We are in Houston for the annual NASPP and Proxy Disclosure Conferences, but I need to alert readers that last week, the SEC published five helpful Compliance & Disclosure Interpretations on the CEO Pay Ratio Disclosure that will be required for 2017. We have been urging you to begin the data collection process necessary for calculating the CEO Pay Ratio for 2017 as soon as possible. (See, Data Collection for Calculating CEO Pay Ratio) Maybe this is the helpful clarification will spur on anyone left has not yet begun.

Question 128C.05 offers guidance on the important issue of when is a worker employed and whether his or her compensation determined by an unaffiliated third party, so that the worker is considered an independent contractor or leased worker under the rule. The C&DI provides that, in determining when a worker is an “employee” of the company under the rule, the company must consider the composition of its workforce and its overall employment and compensation practices. When a company obtains the services of workers by contracting with an unaffiliated third party that employs the workers, generally, the company will not be seen as determining the workers’ compensation if, for example, the company only specifies that those workers receive a minimum level of compensation.

The C&DI also clarifies that an individual who is an independent contractor may be the “unaffiliated third party” who determines his or her own compensation. There have been questions in the executive compensation community as to whether the SEC’s final rule allows companies to exclude individual independent contractors.

The other four C&DIs relate to the requirement that companies identify the median employee using annual total compensation or any other consistently applied compensation measure (CACM) that reasonably reflects the annual compensation of employees, such as information derived from the company’s tax and/or payroll records.

Question 128C.01 provides that the appropriateness of any measure will depend on the company’s particular facts and circumstances.

For example, total cash compensation could be a CACM unless the company also distributed annual equity awards widely among its employees. Social Security taxes withheld would likely not be a CACM unless all employees earned less than the Social Security wage base. The company must also briefly disclose the compensation measure used.

However, Question 128C.01 does acknowledge that the CACM would not necessarily identify the same median employee as if the company were to use annual total compensation.

Question 128C.02 clarifies that a company generally may not use hourly or annual rates of pay alone as its CACM. It also re-emphasizes that company generally may not use an annual rate only, without regard to whether the employees worked the entire year and were actually paid that amount during the year.

Under the SEC’s final rule, a company must select a date within three months of the end of its fiscal year to determine the population of its employees from which to identify the median employee.
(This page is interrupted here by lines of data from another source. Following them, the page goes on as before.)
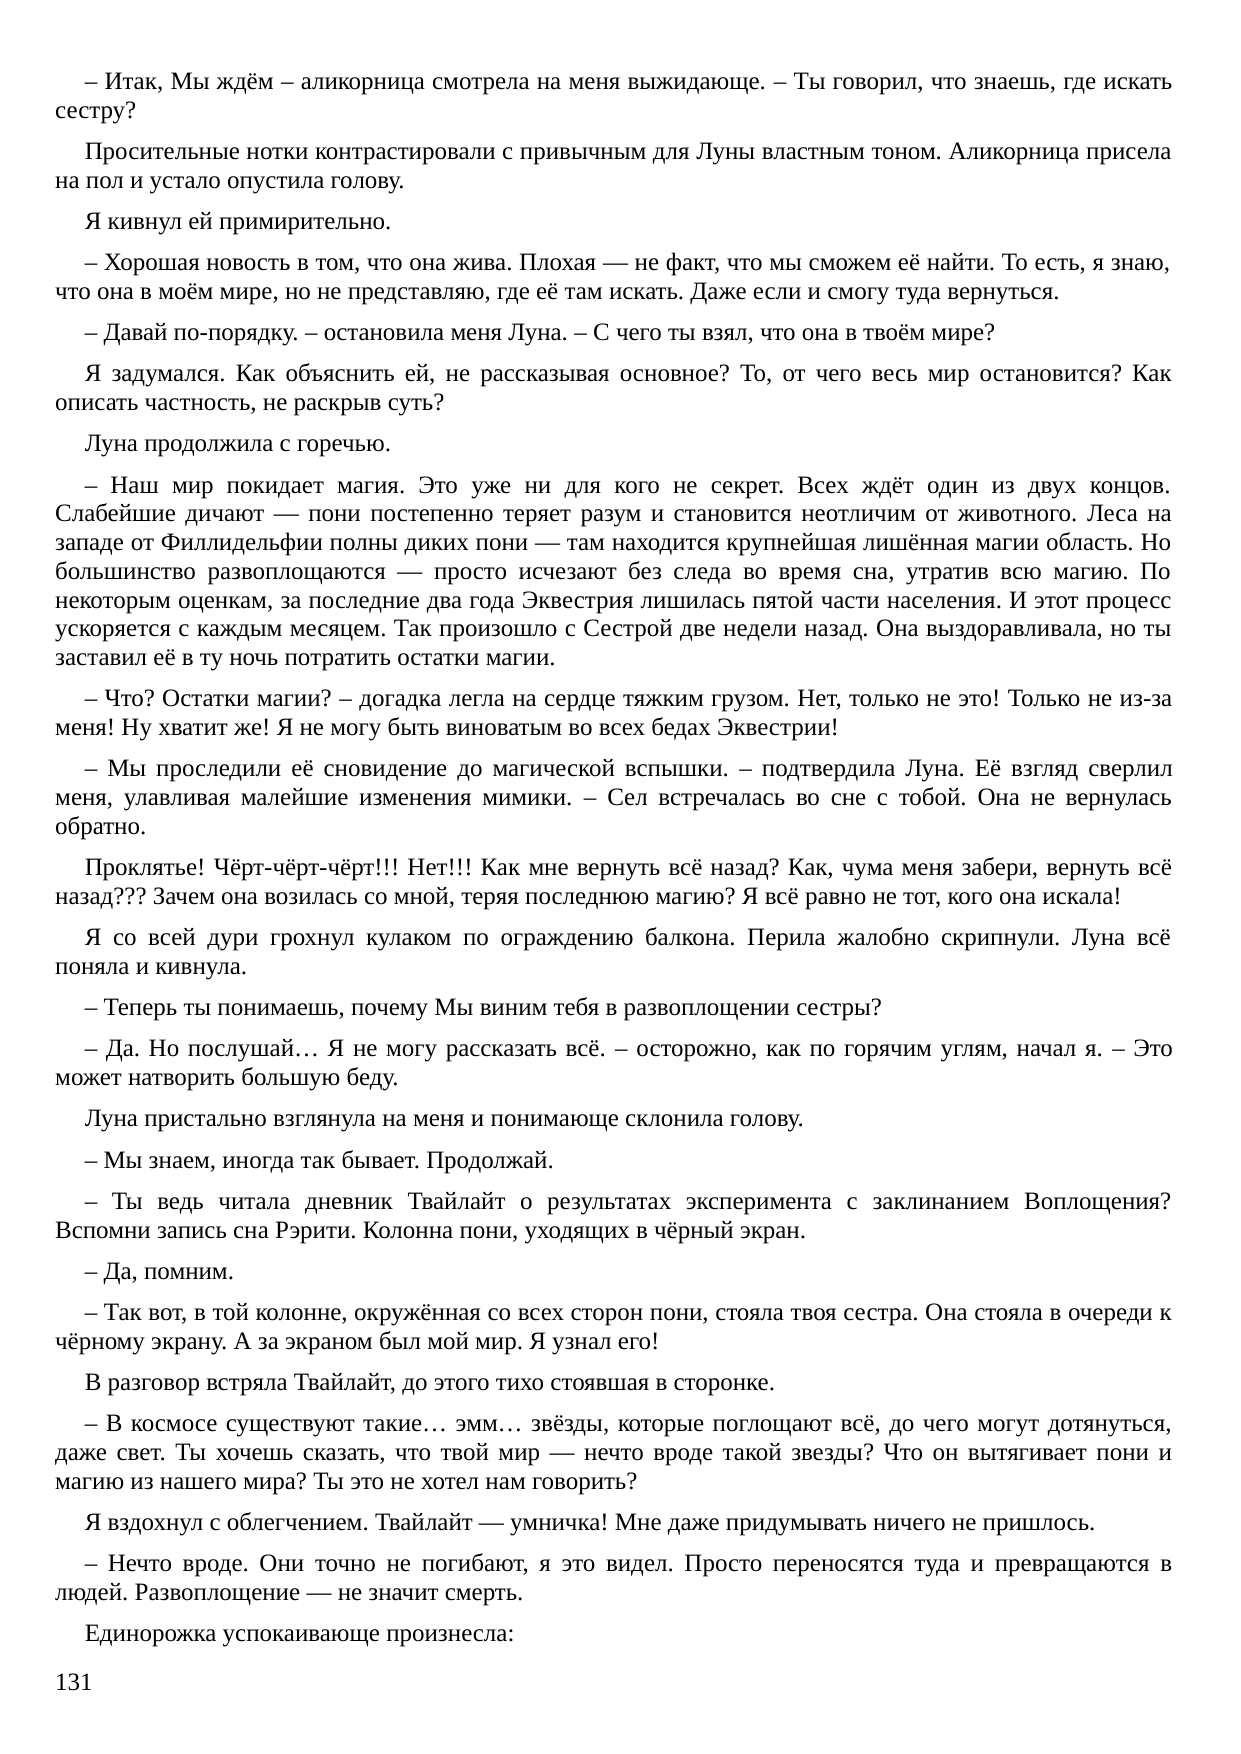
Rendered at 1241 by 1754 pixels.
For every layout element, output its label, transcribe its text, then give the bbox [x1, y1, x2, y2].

text – Нечто вроде. Они точно не погибают, я это видел. Просто переносятся туда и превращаются в людей. Развоплощение — не значит смерть. [55, 1548, 1173, 1606]
text – Так вот, в той колонне, окружённая со всех сторон пони, стояла твоя сестра. Она стояла в очереди к чёрному экрану. А за экраном был мой мир. Я узнал его! [55, 1297, 1173, 1355]
text – Ты ведь читала дневник Твайлайт о результатах эксперимента с заклинанием Воплощения? Вспомни запись сна Рэрити. Колонна пони, уходящих в чёрный экран. [55, 1186, 1173, 1243]
text Я задумался. Как объяснить ей, не рассказывая основное? То, от чего весь мир остановится? Как описать частность, не раскрыв суть? [55, 358, 1173, 416]
text – Итак, Мы ждём – аликорница смотрела на меня выжидающе. – Ты говорил, что знаешь, где искать сестру? [55, 66, 1173, 123]
text – Да. Но послушай… Я не могу рассказать всё. – осторожно, как по горячим углям, начал я. – Это может натворить большую беду. [55, 1033, 1173, 1091]
text Я вздохнул с облегчением. Твайлайт — умничка! Мне даже придумывать ничего не пришлось. [55, 1507, 1173, 1536]
text – Давай по-порядку. – остановила меня Луна. – С чего ты взял, что она в твоём мире? [55, 317, 1173, 346]
text Я кивнул ей примирительно. [55, 206, 1173, 235]
text Я со всей дури грохнул кулаком по ограждению балкона. Перила жалобно скрипнули. Луна всё поняла и кивнула. [55, 922, 1173, 980]
text Луна пристально взглянула на меня и понимающе склонила голову. [55, 1103, 1173, 1132]
text – Теперь ты понимаешь, почему Мы виним тебя в развоплощении сестры? [55, 992, 1173, 1021]
text Единорожка успокаивающе произнесла: [55, 1618, 1173, 1647]
text – Хорошая новость в том, что она жива. Плохая — не факт, что мы сможем её найти. То есть, я знаю, что она в моём мире, но не представляю, где её там искать. Даже если и смогу туда вернуться. [55, 247, 1173, 305]
text – Наш мир покидает магия. Это уже ни для кого не секрет. Всех ждёт один из двух концов. Слабейшие дичают — пони постепенно теряет разум и становится неотличим от животного. Леса на западе от Филлидельфии полны диких пони — там находится крупнейшая лишённая магии область. Но большинство развоплощаются — просто исчезают без следа во время сна, утратив всю магию. По некоторым оценкам, за последние два года Эквестрия лишилась пятой части населения. И этот процесс ускоряется с каждым месяцем. Так произошло с Сестрой две недели назад. Она выздоравливала, но ты заставил её в ту ночь потратить остатки магии. [55, 470, 1173, 671]
text Проклятье! Чёрт-чёрт-чёрт!!! Нет!!! Как мне вернуть всё назад? Как, чума меня забери, вернуть всё назад??? Зачем она возилась со мной, теряя последнюю магию? Я всё равно не тот, кого она искала! [55, 852, 1173, 910]
text – В космосе существуют такие… эмм… звёзды, которые поглощают всё, до чего могут дотянуться, даже свет. Ты хочешь сказать, что твой мир — нечто вроде такой звезды? Что он вытягивает пони и магию из нашего мира? Ты это не хотел нам говорить? [55, 1408, 1173, 1495]
text Луна продолжила с горечью. [55, 428, 1173, 457]
text – Да, помним. [55, 1256, 1173, 1285]
text – Мы проследили её сновидение до магической вспышки. – подтвердила Луна. Её взгляд сверлил меня, улавливая малейшие изменения мимики. – Сел встречалась во сне с тобой. Она не вернулась обратно. [55, 753, 1173, 840]
text – Что? Остатки магии? – догадка легла на сердце тяжким грузом. Нет, только не это! Только не из-за меня! Ну хватит же! Я не могу быть виноватым во всех бедах Эквестрии! [55, 683, 1173, 741]
text Просительные нотки контрастировали с привычным для Луны властным тоном. Аликорница присела на пол и устало опустила голову. [55, 136, 1173, 193]
text В разговор встряла Твайлайт, до этого тихо стоявшая в сторонке. [55, 1367, 1173, 1396]
text – Мы знаем, иногда так бывает. Продолжай. [55, 1145, 1173, 1173]

Once the employee population is determined, the company must then identify the median employee from that population using either annual total compensation or another CACM. Question 128C.03 clarifies that, in applying the CACM to identify the median employee, a company is not required to use (i) a period that includes the date on which the employee population is determined, or (ii) to use a full annual period. A CACM may also consist of annual total compensation from the company’s prior fiscal year so long as there has not been a change in the company’s employee population or employee compensation arrangements that would result in a significant change of its pay distribution to its workforce.
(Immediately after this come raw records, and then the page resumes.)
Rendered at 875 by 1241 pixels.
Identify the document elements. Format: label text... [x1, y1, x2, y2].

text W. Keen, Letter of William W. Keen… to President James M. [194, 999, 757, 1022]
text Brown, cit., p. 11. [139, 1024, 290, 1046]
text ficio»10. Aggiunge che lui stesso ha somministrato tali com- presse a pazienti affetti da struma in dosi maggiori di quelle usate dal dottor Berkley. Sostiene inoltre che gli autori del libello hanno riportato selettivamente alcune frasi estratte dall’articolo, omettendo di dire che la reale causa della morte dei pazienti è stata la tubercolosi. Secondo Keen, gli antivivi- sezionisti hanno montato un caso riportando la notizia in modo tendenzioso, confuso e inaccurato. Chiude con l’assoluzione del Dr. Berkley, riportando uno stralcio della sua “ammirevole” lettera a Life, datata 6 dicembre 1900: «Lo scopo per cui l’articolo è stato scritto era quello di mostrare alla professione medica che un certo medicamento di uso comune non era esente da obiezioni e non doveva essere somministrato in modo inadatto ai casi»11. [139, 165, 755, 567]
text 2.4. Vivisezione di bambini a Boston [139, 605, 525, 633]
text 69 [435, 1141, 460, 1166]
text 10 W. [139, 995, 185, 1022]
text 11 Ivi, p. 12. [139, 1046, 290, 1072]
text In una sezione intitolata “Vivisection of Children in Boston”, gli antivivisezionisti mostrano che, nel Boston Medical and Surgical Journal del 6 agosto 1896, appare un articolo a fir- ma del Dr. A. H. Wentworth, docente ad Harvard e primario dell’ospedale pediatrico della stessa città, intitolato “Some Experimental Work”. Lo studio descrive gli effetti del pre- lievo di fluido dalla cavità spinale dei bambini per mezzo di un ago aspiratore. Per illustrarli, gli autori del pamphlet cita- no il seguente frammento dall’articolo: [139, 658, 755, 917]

Question 128C.04 provides limited guidance on whether a company must count an employee who is furloughed on the date that the company uses to determine the population of its employees (from which it is required to identify the median).

We believe that companies should consider running the pay ratio calculation based on 2016 pay, as a “dress rehearsal” to see how well their systems operate and get an idea of what the actual ratio will be.

Later in the week, I will post some interesting tidbits from the presentations.